WHAT YOU HAVE TO DO: Every line from the one with "HFOV 48.8°." through the last line below should be repeated exactly; pictures stay out of the copy.

[Data entries]
....................

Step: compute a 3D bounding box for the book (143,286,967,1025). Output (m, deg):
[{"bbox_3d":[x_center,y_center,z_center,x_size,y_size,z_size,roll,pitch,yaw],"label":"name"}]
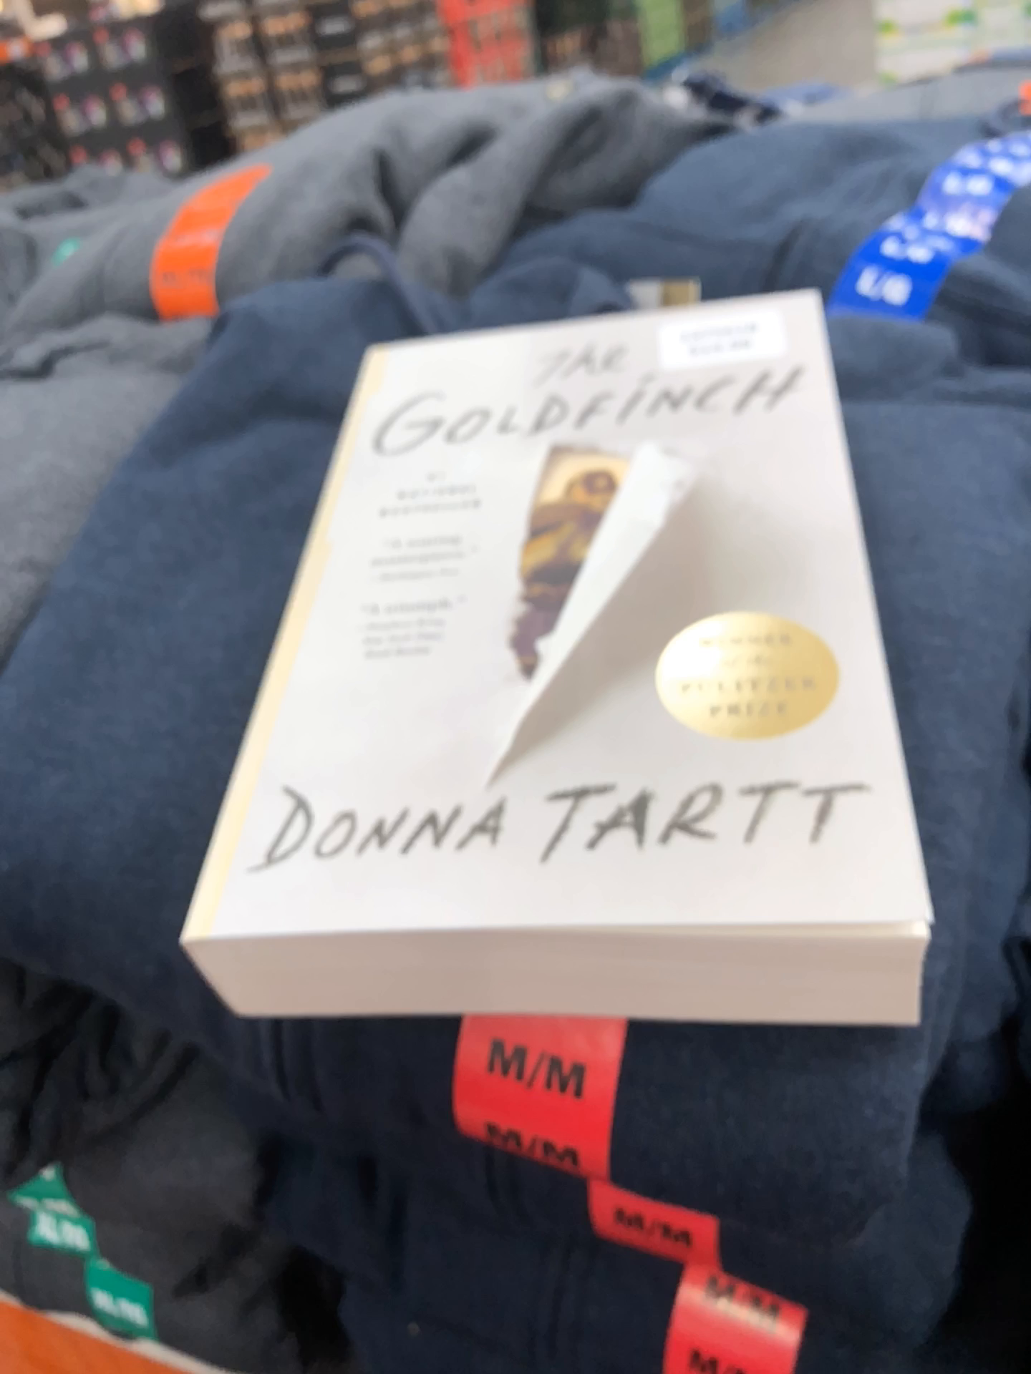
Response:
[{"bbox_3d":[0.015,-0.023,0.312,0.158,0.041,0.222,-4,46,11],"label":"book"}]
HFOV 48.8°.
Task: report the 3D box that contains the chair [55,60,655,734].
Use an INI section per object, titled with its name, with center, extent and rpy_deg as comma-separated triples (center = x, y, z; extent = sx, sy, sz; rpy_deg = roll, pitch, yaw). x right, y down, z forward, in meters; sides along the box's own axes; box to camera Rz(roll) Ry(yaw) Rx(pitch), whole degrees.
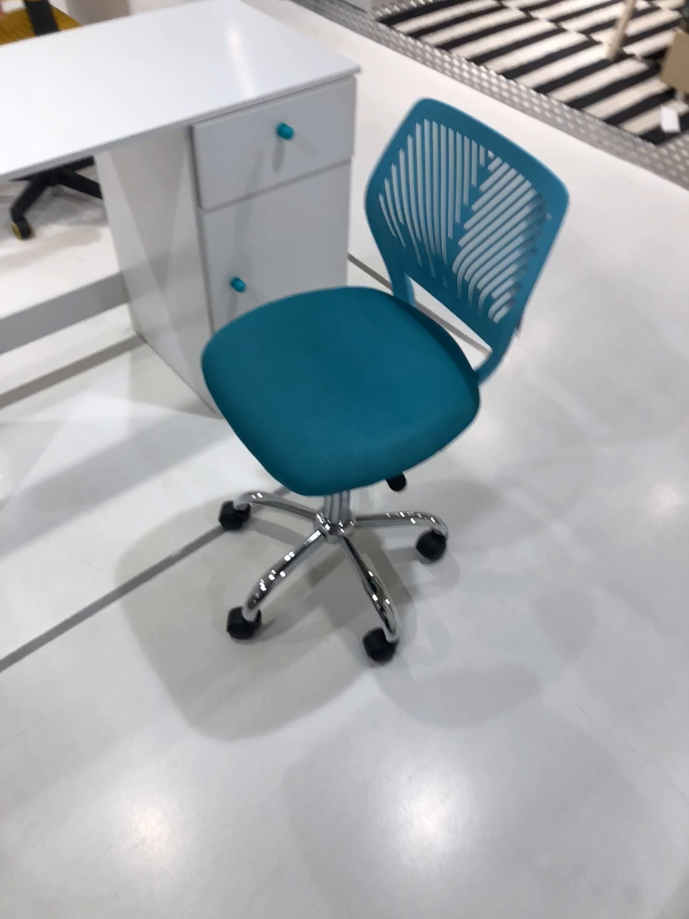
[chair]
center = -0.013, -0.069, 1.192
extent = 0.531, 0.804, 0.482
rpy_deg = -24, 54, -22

....................

ANSWER SECTION:
HFOV 48.8°.
Task: report the 3D box that contains the chair [55,60,655,734].
Use an INI section per object, titled with its name, with center, extent and rpy_deg as comma-separated triples (center = x, y, z; extent = sx, sy, sz; rpy_deg = roll, pitch, yaw). x right, y down, z forward, in meters; sides along the box's own axes; box to camera Rz(roll) Ry(yaw) Rx(pitch), whole degrees.
[chair]
center = -0.013, -0.069, 1.192
extent = 0.531, 0.804, 0.482
rpy_deg = -24, 54, -22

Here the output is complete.